I) Rheumatic fever and rheumatic heart disease (RHD): Rheumatic fever (RF) develops 2-4 weeks after Group A beta hemolytic streptococcal infection. Less than 3% of individuals suffering from streptococcal infections develop RF. It is most commonly seen in the 5 -15 years age group. Anti-streptococcal antibodies produced by an infected host cross react with identical epitopes on human myosin, laminin, vimentin, actin and N-acetylglucosamine, a mechanism known as “molecular mimicry”. These epitopes are normally present on cardiac valves, joint capsules, sarcolemmal membrane of smooth and cardiac muscle, neurons etc. Both Type I and type IV hypersensitivity reactions are seen. HLA DR7 and HLA DQ are associated with increased severity of RHD. Typically throat infections are followed by RHD while skin infections are followed by glomerulonephritis.

Valvular involvement in RHD presents as thickened valves with wart-like, firmly attached vegetations along the line of closure of leaflets and cusps. Mitral valve is most commonly involved, followed by aortic valve. Lesions get exacerbated in the event of recurrent streptococcal infections, this being the rationale for penicillin prophylaxis in all RF patients. In chronic mitral valve lesions, fibrosis leads to a “fish mouth” appearance. Both mitral stenosis and mitral regurgitation are seen in RHD, MS being more common. Adhesion of commissures, thickening, shortening and fusion of chordae tendineae and calcification are seen.

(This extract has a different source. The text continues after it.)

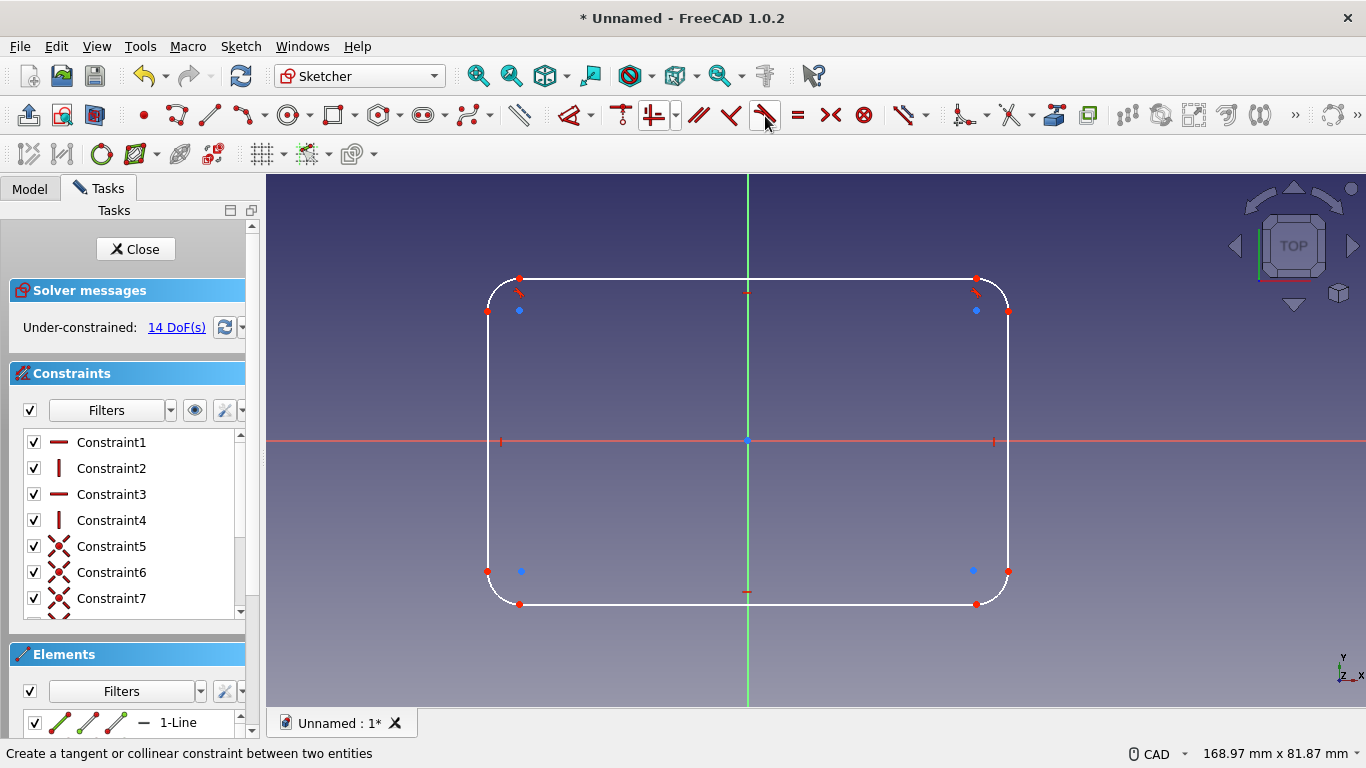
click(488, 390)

Other clinical features of RF: Rheumatic pericarditis is of the fibrinous type with a “bread and butter” appearance. A migratory polyarthritis occurs in RF. It involves mostly large joints like ankle and knee, presenting with moving pain and joint swelling. It does not cause permanent joint damage. Painless subcutaneous nodules are seen over extensor surfaces of the wrist, ankles, knees, elbows and are attached to deeper structures like tendons and periosteum. Erythema marginatum is a transient, migratory cutaneous lesion that presents as an erythematous rash with central clearing and raised edges, seen commonly on the trunk and extremities. Rheumatic chorea or Sydenham’s chorea presents with involuntary, jerky movements of the trunk and extremities.

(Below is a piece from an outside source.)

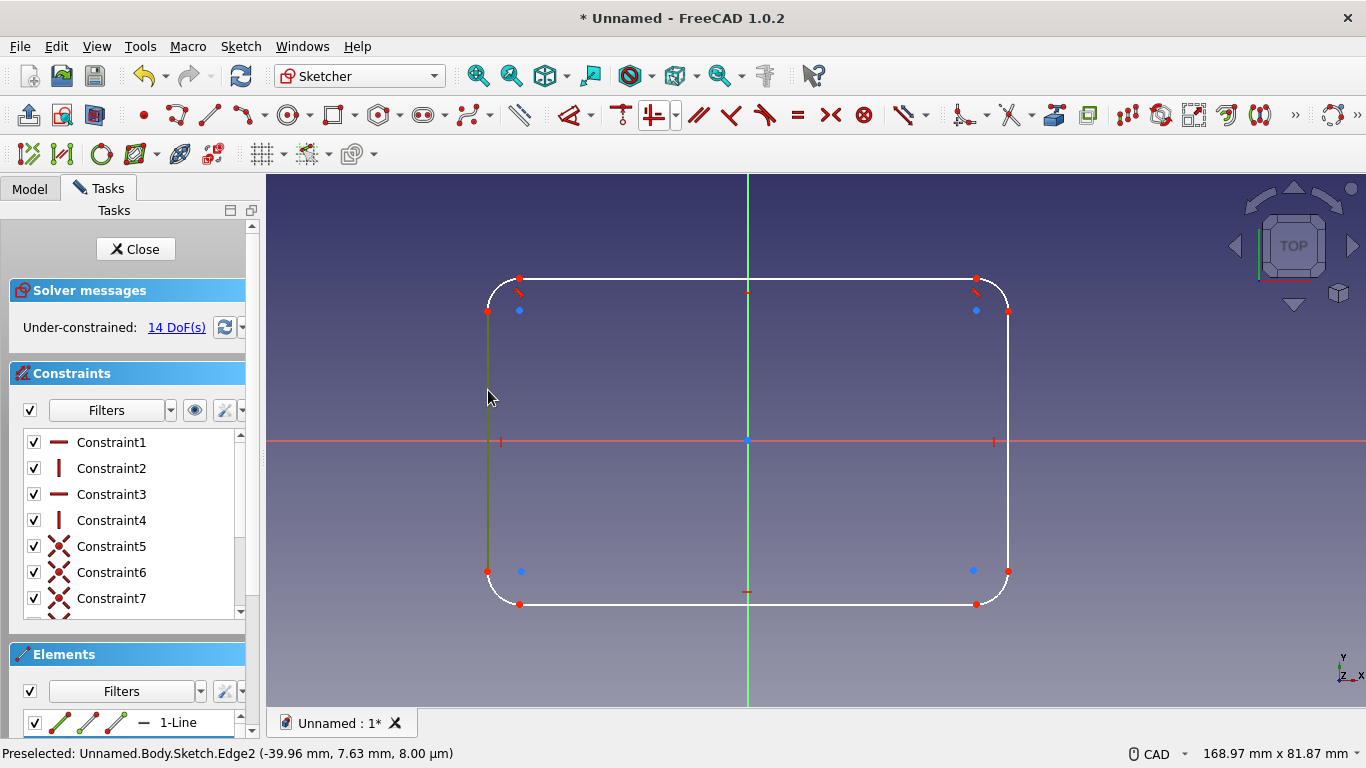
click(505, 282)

II) Mitral stenosis: Most common cause of MS is RHD. It is seen more commonly in women. Normal mitral orifice is about 5cm2. Symptoms are seen when the valve opening narrows to 1 cm2. The left atrial pressure rises leading to left atrial hypertrophy and dilation, causing dysphagia. Pulmonary venous hypertension, pulmonary congestion, right heart failure and RVH follow. Right atrial thrombus may form. Atrial fibrillation may be present. On auscultation, a rumbling diastolic murmur is heard at the apex, with presystolic accentuation due to atrial kick. It begins with an opening snap which is caused as the stenotic valve suddenly tenses and halts its normal opening at the start of diastole. The murmur is best heard in the left lateral decubitus position. The intensity of the first heart sound is reduced if the valve is thickened and calcified. The presence of a loud S1 suggests that the patient may be a likely candidate for balloon mitral valvuloplasty. With the development of pulmonary hypertension, S2 may become a single sound. The OS occurs 40-120 milliseconds after A2. The A2-OS interval varies inversely with the severity of mitral stenosis. An A2-OS interval of less than 70 milliseconds usually suggests severe MS and an A2-OS interval of more than 100 milliseconds usually indicates mild MS.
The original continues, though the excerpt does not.